→ TASK BRIEF
Although the entries hold pictures, only their words are printed back, exactly as given.

→ RECORDED DATA

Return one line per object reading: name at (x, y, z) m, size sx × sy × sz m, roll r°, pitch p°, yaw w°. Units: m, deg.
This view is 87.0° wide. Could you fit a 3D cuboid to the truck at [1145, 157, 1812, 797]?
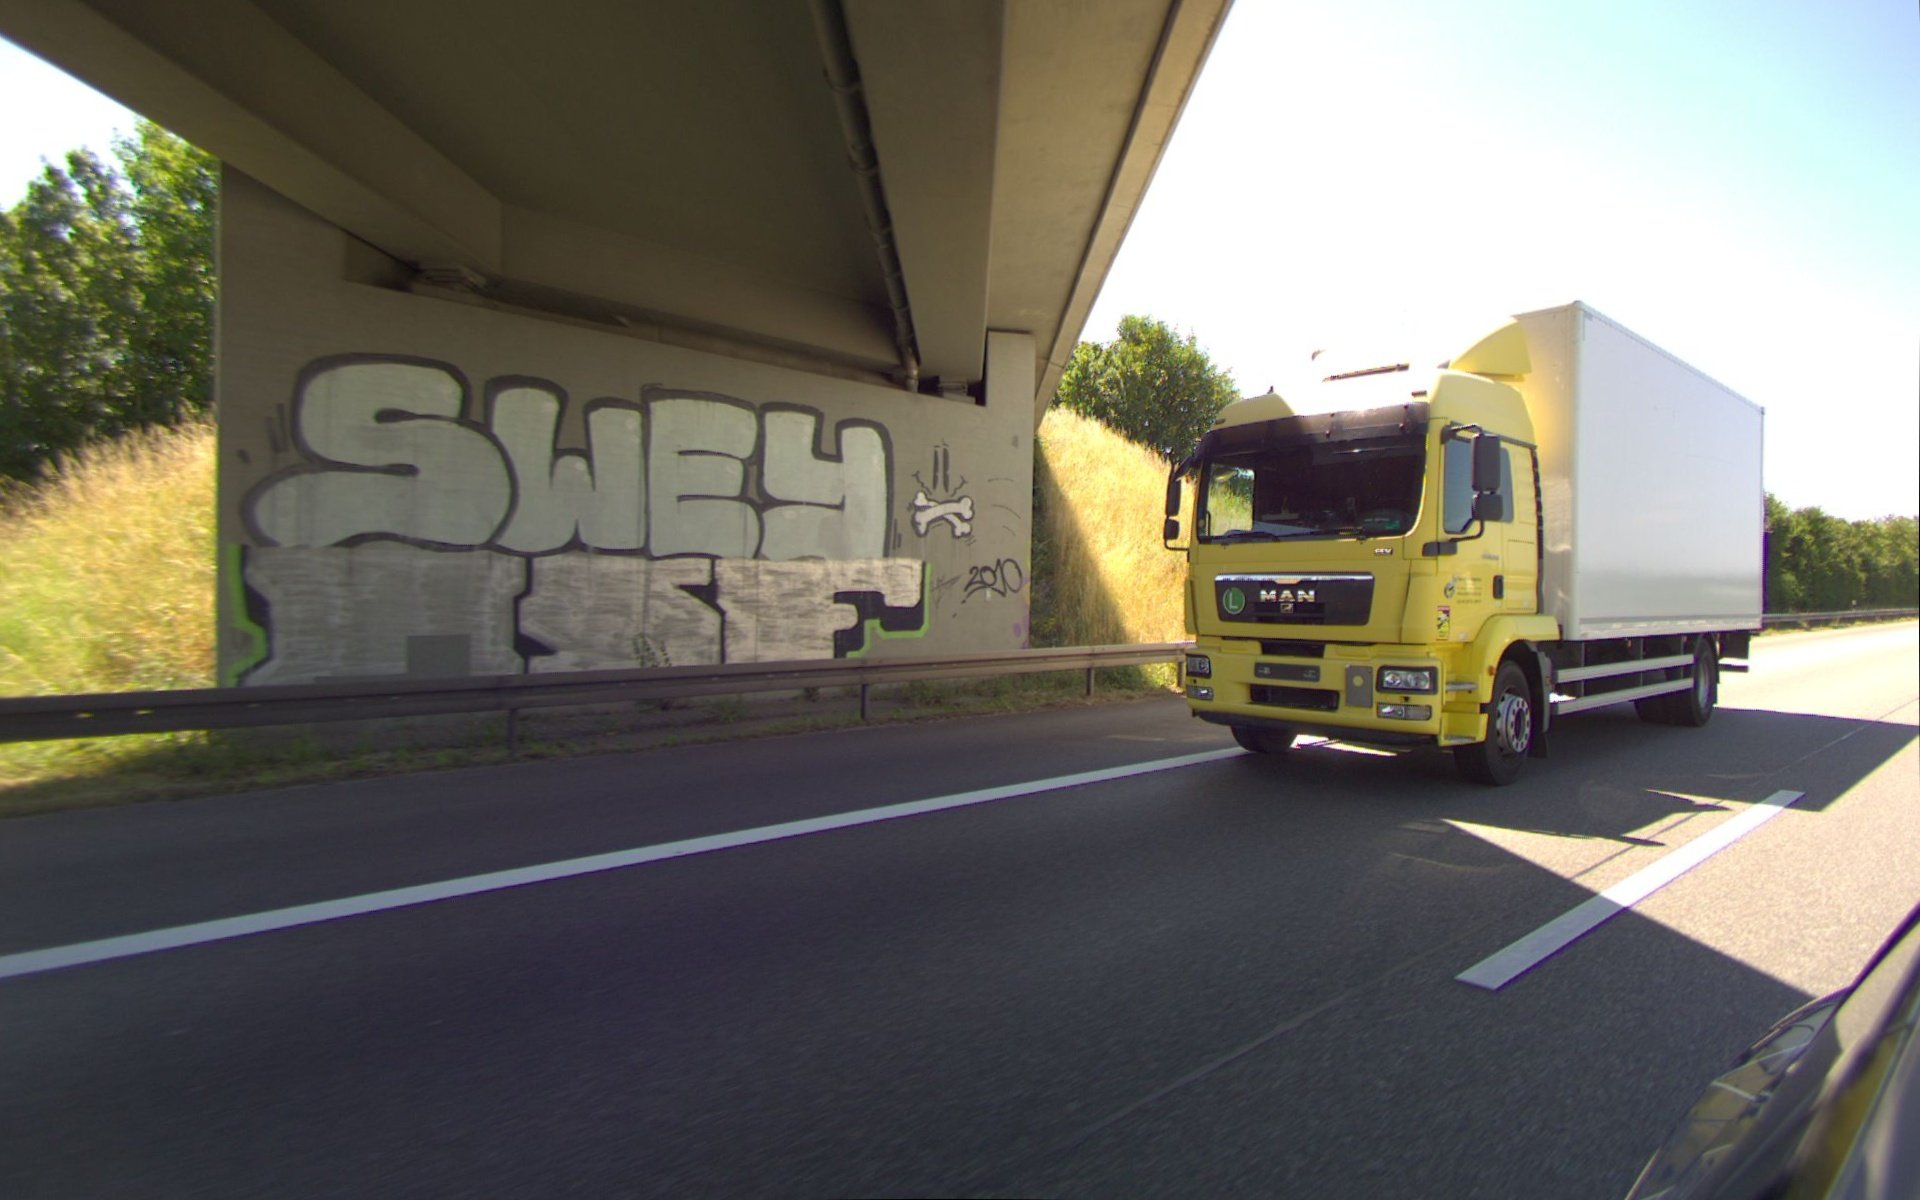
truck at (6.548, -0.839, 11.295) m, size 10.495 × 4.253 × 2.938 m, roll 0°, pitch 0°, yaw -41°
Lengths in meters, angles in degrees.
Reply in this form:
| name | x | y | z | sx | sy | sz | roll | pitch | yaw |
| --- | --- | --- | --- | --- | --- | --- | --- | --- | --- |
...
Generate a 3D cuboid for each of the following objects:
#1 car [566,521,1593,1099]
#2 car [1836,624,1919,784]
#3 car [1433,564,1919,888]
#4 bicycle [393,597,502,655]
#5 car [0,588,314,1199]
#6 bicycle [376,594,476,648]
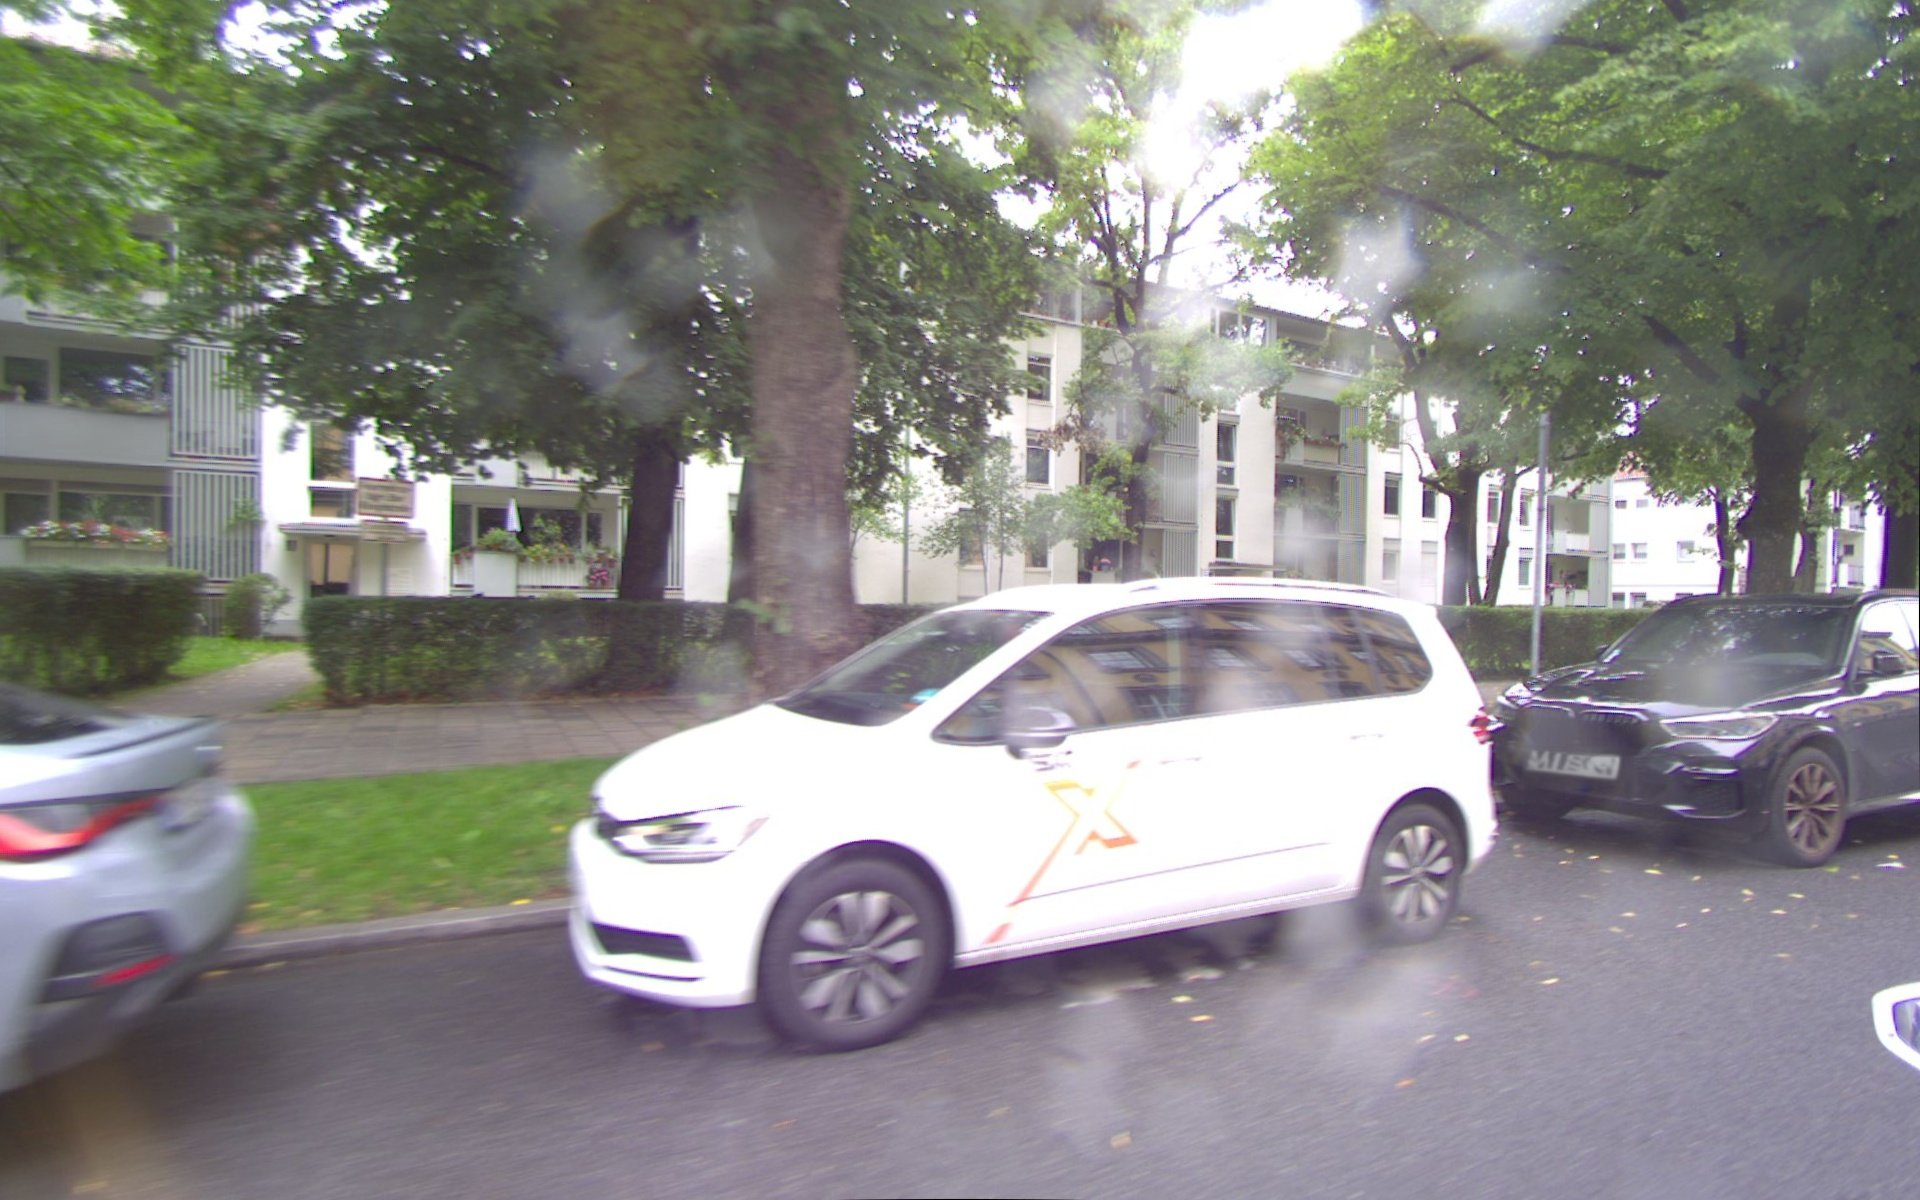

→ OUTPUT
Return one line per object reading: name at (x, y, z) m, size sx × sy × sz m, roll r°, pitch p°, yaw w°. Units: m, deg.
This view is 87.0° wide. Could you fit a 3D cuboid to the truck at [1145, 157, 1812, 797]?
truck at (6.548, -0.839, 11.295) m, size 10.495 × 4.253 × 2.938 m, roll 0°, pitch 0°, yaw -41°
Lengths in meters, angles in degrees.
Reply in this form:
| name | x | y | z | sx | sy | sz | roll | pitch | yaw |
| --- | --- | --- | --- | --- | --- | --- | --- | --- | --- |
...
Generate a 3D cuboid for each of the following objects:
#1 car [566,521,1593,1099]
#2 car [1836,624,1919,784]
#3 car [1433,564,1919,888]
#4 bicycle [393,597,502,655]
#5 car [0,588,314,1199]
#6 bicycle [376,594,476,648]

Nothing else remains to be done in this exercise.